La France hexagonale et la Martinique connaissent des fragilités différentes mais convergentes : fragmentation politique pour l’une, incertitude institutionnelle pour l’autre. Dans les deux cas, la confiance démocratique s’effrite et la gouvernance s’essouffle.
Une France minée par la fragmentation politique
La France hexagonale est aujourd’hui confrontée à une instabilité politique chronique qui se traduit par la fragmentation du paysage partisan et la fragilité des majorités parlementaires. Depuis la disparition du bipartisme, les gouvernements doivent composer avec des alliances précaires, recourir au 49.3 et aux ordonnances pour légiférer, et accepter l’hypothèse constante de la censure.
Cette instabilité n’est pas juridique mais politique, et elle entraîne un coût élevé pour la décision publique : les réformes s’enchaînent sans horizon, souvent défaites ou amendées avant d’avoir produit leurs effets.
La centralisation de l’État accentue encore cette fragilité.
Paris demeure prescripteur, financeur et producteur de normes, mais l’exécution reste confuse et lente.
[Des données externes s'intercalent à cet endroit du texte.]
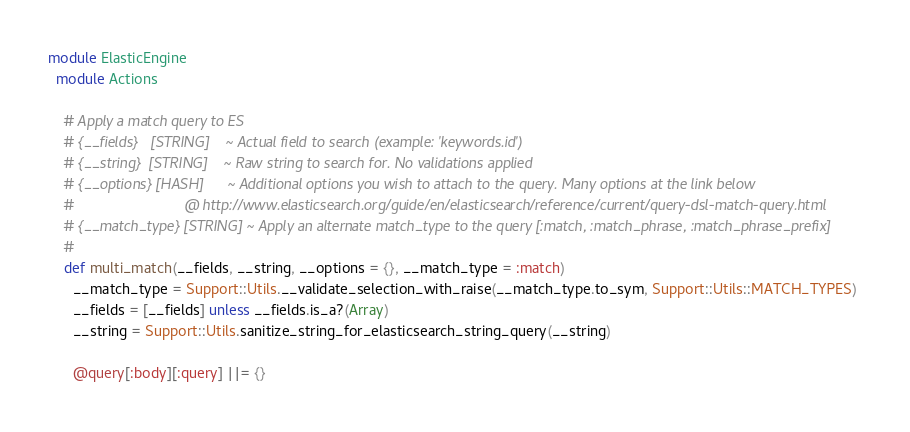<code> <loc_0><loc_0><loc_500><loc_500><_Ruby_>module ElasticEngine
  module Actions

    # Apply a match query to ES
    # {__fields}   [STRING]    ~ Actual field to search (example: 'keywords.id')
    # {__string}  [STRING]    ~ Raw string to search for. No validations applied
    # {__options} [HASH]      ~ Additional options you wish to attach to the query. Many options at the link below
    #                           @ http://www.elasticsearch.org/guide/en/elasticsearch/reference/current/query-dsl-match-query.html
    # {__match_type} [STRING] ~ Apply an alternate match_type to the query [:match, :match_phrase, :match_phrase_prefix]
    #
    def multi_match(__fields, __string, __options = {}, __match_type = :match)
      __match_type = Support::Utils.__validate_selection_with_raise(__match_type.to_sym, Support::Utils::MATCH_TYPES)
      __fields = [__fields] unless __fields.is_a?(Array)
      __string = Support::Utils.sanitize_string_for_elasticsearch_string_query(__string)
      
      @query[:body][:query] ||= {}</code> 
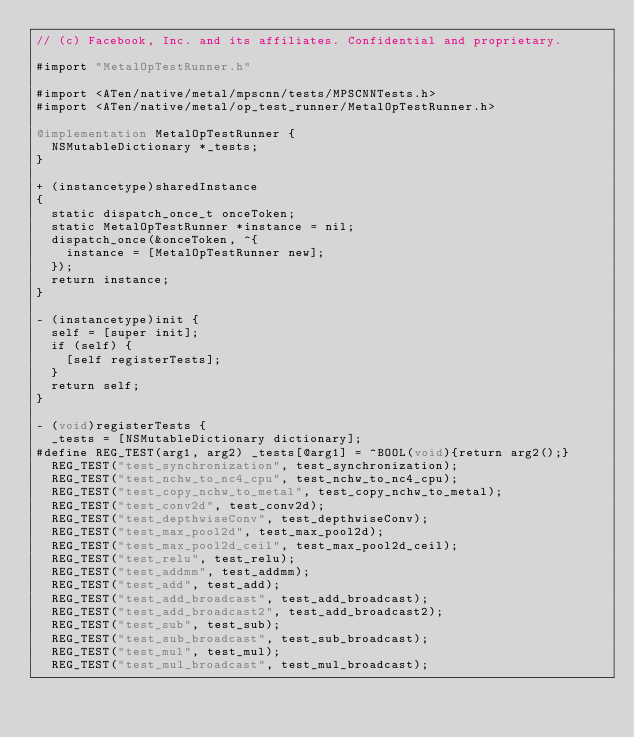Convert code to text. <code><loc_0><loc_0><loc_500><loc_500><_ObjectiveC_>// (c) Facebook, Inc. and its affiliates. Confidential and proprietary.

#import "MetalOpTestRunner.h"

#import <ATen/native/metal/mpscnn/tests/MPSCNNTests.h>
#import <ATen/native/metal/op_test_runner/MetalOpTestRunner.h>

@implementation MetalOpTestRunner {
  NSMutableDictionary *_tests;
}

+ (instancetype)sharedInstance
{
  static dispatch_once_t onceToken;
  static MetalOpTestRunner *instance = nil;
  dispatch_once(&onceToken, ^{
    instance = [MetalOpTestRunner new];
  });
  return instance;
}

- (instancetype)init {
  self = [super init];
  if (self) {
    [self registerTests];
  }
  return self;
}

- (void)registerTests {
  _tests = [NSMutableDictionary dictionary];
#define REG_TEST(arg1, arg2) _tests[@arg1] = ^BOOL(void){return arg2();}
  REG_TEST("test_synchronization", test_synchronization);
  REG_TEST("test_nchw_to_nc4_cpu", test_nchw_to_nc4_cpu);
  REG_TEST("test_copy_nchw_to_metal", test_copy_nchw_to_metal);
  REG_TEST("test_conv2d", test_conv2d);
  REG_TEST("test_depthwiseConv", test_depthwiseConv);
  REG_TEST("test_max_pool2d", test_max_pool2d);
  REG_TEST("test_max_pool2d_ceil", test_max_pool2d_ceil);
  REG_TEST("test_relu", test_relu);
  REG_TEST("test_addmm", test_addmm);
  REG_TEST("test_add", test_add);
  REG_TEST("test_add_broadcast", test_add_broadcast);
  REG_TEST("test_add_broadcast2", test_add_broadcast2);
  REG_TEST("test_sub", test_sub);
  REG_TEST("test_sub_broadcast", test_sub_broadcast);
  REG_TEST("test_mul", test_mul);
  REG_TEST("test_mul_broadcast", test_mul_broadcast);</code> 
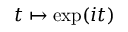<formula> <loc_0><loc_0><loc_500><loc_500>t \mapsto \exp ( i t )</formula> 
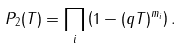Convert formula to latex. <formula><loc_0><loc_0><loc_500><loc_500>P _ { 2 } ( T ) = \prod _ { i } \left ( 1 - ( q T ) ^ { m _ { i } } \right ) .</formula> 
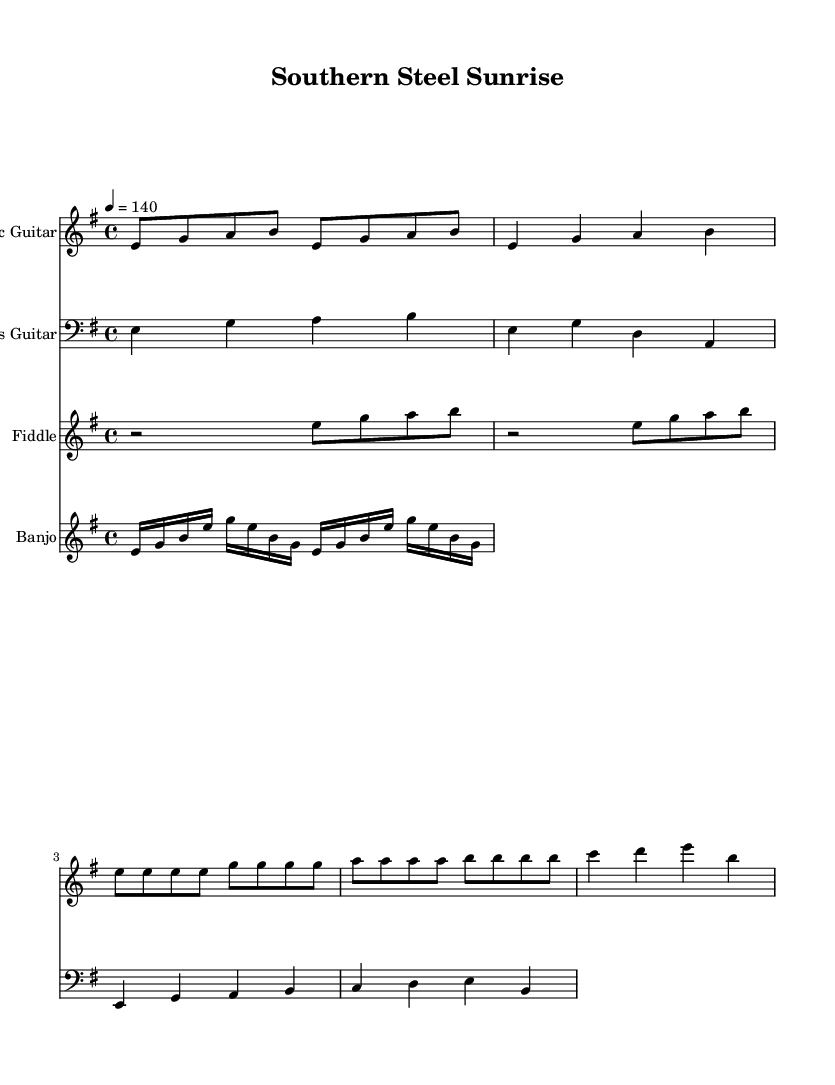What is the key signature of this music? The key signature is E minor, which has one sharp (F#). Within the global music variables, the key signature is defined using the command "\key e \minor," indicating that the piece is in E minor.
Answer: E minor What is the time signature of this music? The time signature is 4/4, which can be found in the global section where it states "\time 4/4." This indicates that there are four beats in each measure and the quarter note gets one beat.
Answer: 4/4 What is the tempo marking for this piece? The tempo marking is quarter note equals 140 beats per minute. This is specified in the global section as "\tempo 4 = 140," indicating the speed at which the music should be played.
Answer: 140 How many measures are included in the electric guitar part? The electric guitar part has a total of 6 measures. By counting the measures notated in the electricGuitar section, the measures contain introductory and verse patterns plus the chorus and bridge. Thus, the tally includes all distinct groupings of notes and rests.
Answer: 6 What instrument plays arpeggiated patterns? The banjo plays the arpeggiated patterns as indicated in the banjo staff. The code shows a repeating arpeggiated figure, affirming the banjo's role in providing this characteristic texture in the music.
Answer: Banjo Which section contains the chorus? The chorus is found after the verse section in the electric guitar part, indicated by the specific repeated notes and the pattern which aligns with common song structures that typically have a clear identifiable chorus.
Answer: Following verse What is the primary musical style of this piece? The primary musical style is Southern-influenced metal, which can be inferred from the combination of metal instrumentation like electric guitar and bass, along with traditional elements such as fiddle and banjo that incorporate country characteristics.
Answer: Southern-influenced metal 
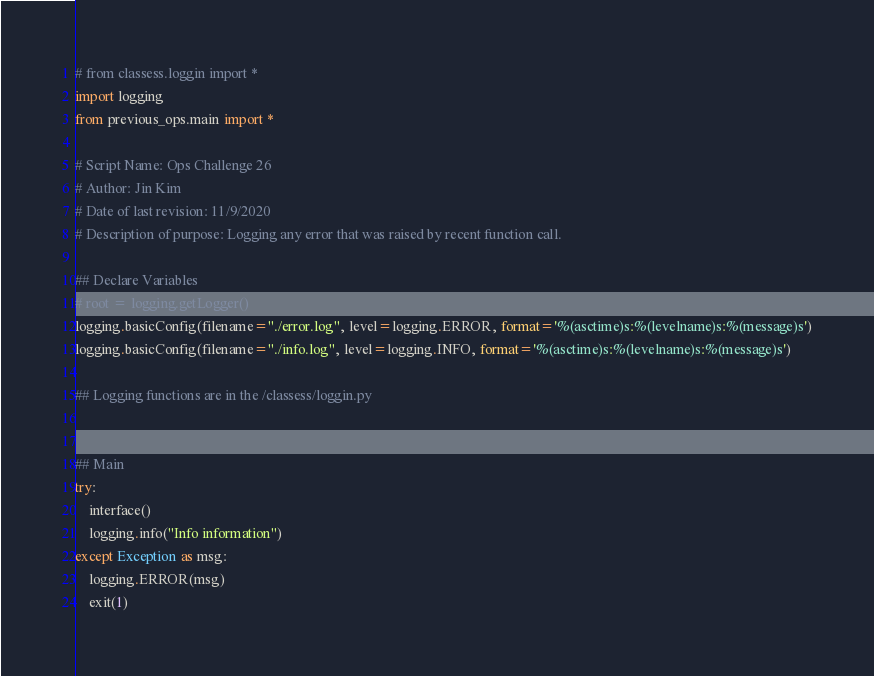Convert code to text. <code><loc_0><loc_0><loc_500><loc_500><_Python_># from classess.loggin import *
import logging
from previous_ops.main import *

La transition écologique, la santé ou l’éducation en portent la marque : des plans ambitieux existent, mais ils se heurtent à une bureaucratie lourde, à des arbitrages contradictoires et à un déficit de suivi. La France souffre ainsi moins d’un manque d’idées que d’un défaut de priorisation et de capacité opérationnelle.
Une Martinique enfermée dans l’incertitude institutionnelle
En Martinique, l’instabilité est d’une autre nature : elle est d’abord institutionnelle, puis partisane. Depuis des décennies, l’île oscille entre le maintien dans l’article 73 de la Constitution, l’hypothèse d’autonomie sous l’article 74 et des tentatives de compromis qui n’ont jamais abouti. La consultation populaire de 2010 a rejeté l’autonomie, mais le débat n’a pas été éteint, comme l’atteste le Congrès des élus convoqué pour septembre 2025.
Cette incertitude de statut entretient une impression de flou stratégique, qui fragilise la projection à long terme et nourrit la défiance civique. Le taux d’abstention atteint des records, dépassant les deux tiers des inscrits lors des élections territoriales. Les majorités au sein de la Collectivité territoriale de Martinique sont fragiles, souvent recomposées au gré des rivalités de personnes davantage qu’en fonction de clivages programmatiques.
À cette fragilité institutionnelle s’ajoute une dépendance financière. L’octroi de mer constitue la principale ressource, mais il bride les marges de manœuvre et rend les recettes tributaires des importations. La CTM, investie de compétences larges, souffre du carcan parisien et de la rigidité des normes, même dans ses champs de compétences, et aussi d’un déficit d’ingénierie administrative et technique. Les grands chantiers – réseaux d’eau, infrastructures scolaires ou de santé – avancent avec des délais considérables, en raison de procédures de commande publique complexes et de difficultés à mobiliser cofinancements et maîtrise d’ouvrage. Le millefeuille institutionnel, qui articule État, CTM, EPCI et communes, multiplie blocages et confusions.
Deux visages d’une même défiance démocratique
France et Martinique partagent une fragilité commune : la défiance démocratique. Dans les deux cas, l’abstention progresse, nourrie par une perception d’inefficacité de l’action publique. Les gouvernants produisent plans et annonces en série, mais peinent à hiérarchiser, prioriser et évaluer. Le dialogue social se tend, les mouvements de contestation traduisent une rupture entre décideurs et citoyens, et l’information publique est brouillée par la rapidité médiatique. Résultat : une démocratie affaiblie, une gouvernance contestée et des politiques publiques difficiles à conduire dans la durée.
Deux voies pour restaurer la confiance
La différence majeure réside dans la nature des instabilités. En France hexagonale, elles sont essentiellement politiques et partisanes : l’État reste puissant, mais affaibli par l’absence de majorité claire et une centralisation paralysante. En Martinique, elles sont institutionnelles et capacitaires : le statut demeure incertain, les ressources limitées, l’exécution fragile.
La réparation de la gouvernance passera, dans les deux cas, par des preuves concrètes de résultats. La France gagnerait à décentraliser réellement l’exécution et à contractualiser des objectifs opposables. La Martinique, à clarifier son cap institutionnel et à renforcer ses outils d’ingénierie.
L’une et l’autre ne pourront restaurer la confiance démocratique qu’en démontrant, par la mesure et l’évaluation, que la décision publique peut encore produire des effets visibles et durables.